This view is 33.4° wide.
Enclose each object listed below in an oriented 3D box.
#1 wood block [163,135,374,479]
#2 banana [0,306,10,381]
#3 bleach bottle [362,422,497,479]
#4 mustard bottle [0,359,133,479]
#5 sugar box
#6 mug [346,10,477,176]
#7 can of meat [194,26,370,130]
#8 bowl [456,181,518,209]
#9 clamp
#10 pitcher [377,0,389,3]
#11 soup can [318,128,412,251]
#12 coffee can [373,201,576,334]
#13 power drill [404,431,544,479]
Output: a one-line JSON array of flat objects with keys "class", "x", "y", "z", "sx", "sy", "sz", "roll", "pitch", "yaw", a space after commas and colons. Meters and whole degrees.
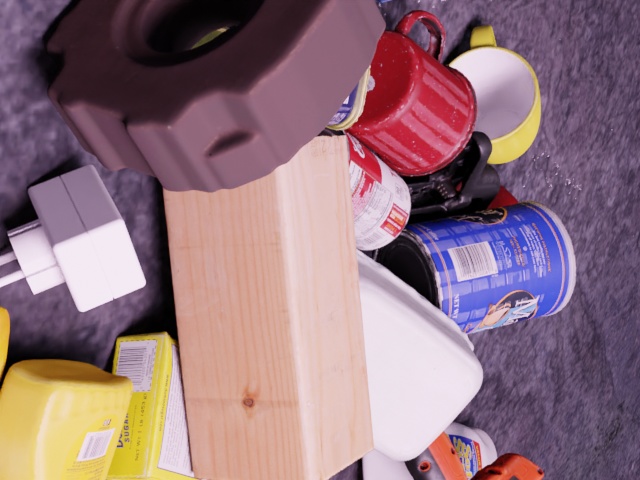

* * *

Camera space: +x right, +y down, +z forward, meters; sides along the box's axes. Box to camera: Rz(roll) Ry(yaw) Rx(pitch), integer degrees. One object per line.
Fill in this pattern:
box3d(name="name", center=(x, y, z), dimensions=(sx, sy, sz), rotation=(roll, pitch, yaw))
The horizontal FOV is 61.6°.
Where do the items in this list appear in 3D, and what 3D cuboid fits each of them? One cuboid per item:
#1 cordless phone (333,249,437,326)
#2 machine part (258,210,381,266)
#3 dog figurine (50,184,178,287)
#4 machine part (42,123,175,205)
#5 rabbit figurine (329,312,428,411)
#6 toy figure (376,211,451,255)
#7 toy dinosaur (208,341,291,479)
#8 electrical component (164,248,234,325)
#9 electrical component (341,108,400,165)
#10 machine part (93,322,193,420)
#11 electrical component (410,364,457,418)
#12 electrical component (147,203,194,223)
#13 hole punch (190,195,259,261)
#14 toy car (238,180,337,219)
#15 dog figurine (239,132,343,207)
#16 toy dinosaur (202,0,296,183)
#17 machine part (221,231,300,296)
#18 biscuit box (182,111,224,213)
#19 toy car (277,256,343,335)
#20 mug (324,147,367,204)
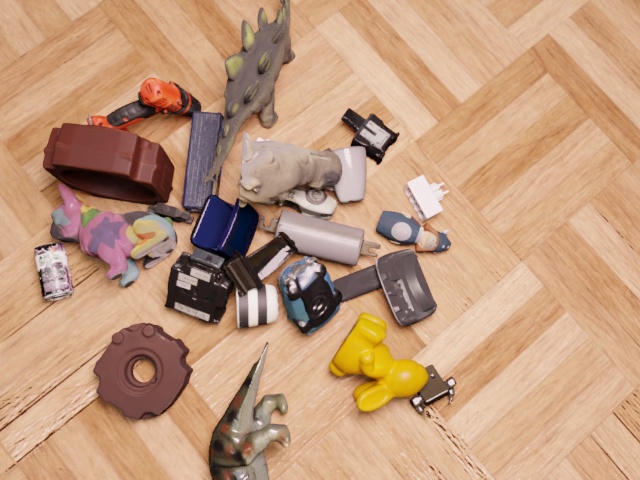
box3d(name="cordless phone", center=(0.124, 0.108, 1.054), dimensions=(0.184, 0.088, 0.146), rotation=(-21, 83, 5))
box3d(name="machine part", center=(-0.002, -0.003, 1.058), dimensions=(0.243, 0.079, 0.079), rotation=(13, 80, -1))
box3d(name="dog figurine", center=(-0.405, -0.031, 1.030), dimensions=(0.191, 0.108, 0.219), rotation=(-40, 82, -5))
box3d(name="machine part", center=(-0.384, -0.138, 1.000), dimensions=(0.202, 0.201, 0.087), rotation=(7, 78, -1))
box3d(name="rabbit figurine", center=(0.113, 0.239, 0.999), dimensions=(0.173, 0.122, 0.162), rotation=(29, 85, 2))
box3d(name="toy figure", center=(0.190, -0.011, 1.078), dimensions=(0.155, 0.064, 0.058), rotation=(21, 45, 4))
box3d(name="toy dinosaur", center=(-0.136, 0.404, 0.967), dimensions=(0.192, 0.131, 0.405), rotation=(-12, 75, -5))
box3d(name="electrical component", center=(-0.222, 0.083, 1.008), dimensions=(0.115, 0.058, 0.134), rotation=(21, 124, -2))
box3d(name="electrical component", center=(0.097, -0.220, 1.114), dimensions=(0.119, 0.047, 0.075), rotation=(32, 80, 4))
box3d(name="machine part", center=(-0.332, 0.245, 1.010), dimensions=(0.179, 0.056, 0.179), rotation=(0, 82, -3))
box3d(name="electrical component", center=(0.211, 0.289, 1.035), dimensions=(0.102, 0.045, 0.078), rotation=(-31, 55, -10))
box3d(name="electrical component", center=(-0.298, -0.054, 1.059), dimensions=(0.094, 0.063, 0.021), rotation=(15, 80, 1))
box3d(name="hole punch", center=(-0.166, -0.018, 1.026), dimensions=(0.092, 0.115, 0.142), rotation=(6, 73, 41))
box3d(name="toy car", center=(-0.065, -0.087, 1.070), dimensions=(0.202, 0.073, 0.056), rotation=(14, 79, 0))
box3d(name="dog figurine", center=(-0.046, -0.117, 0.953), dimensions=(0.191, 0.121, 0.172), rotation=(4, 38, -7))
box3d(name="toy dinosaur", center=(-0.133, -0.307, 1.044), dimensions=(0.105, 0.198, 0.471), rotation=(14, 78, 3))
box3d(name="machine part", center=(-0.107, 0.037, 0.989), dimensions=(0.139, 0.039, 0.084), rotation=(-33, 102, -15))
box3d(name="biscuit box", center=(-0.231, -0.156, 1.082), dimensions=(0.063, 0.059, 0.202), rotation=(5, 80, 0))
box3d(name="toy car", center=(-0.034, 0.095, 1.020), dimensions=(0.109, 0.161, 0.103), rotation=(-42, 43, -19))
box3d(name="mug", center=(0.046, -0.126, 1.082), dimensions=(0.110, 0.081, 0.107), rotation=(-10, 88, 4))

- [WHAT NEEDS TO BE DONE]: Using only the entries above, output the line with "#18 biscuit box (182,111,224,213)", the line with "#19 toy car (277,256,343,335)", and all lines between them, exactly as they stand.

- [WRITTEN RESPONSE]:
#18 biscuit box (182,111,224,213)
#19 toy car (277,256,343,335)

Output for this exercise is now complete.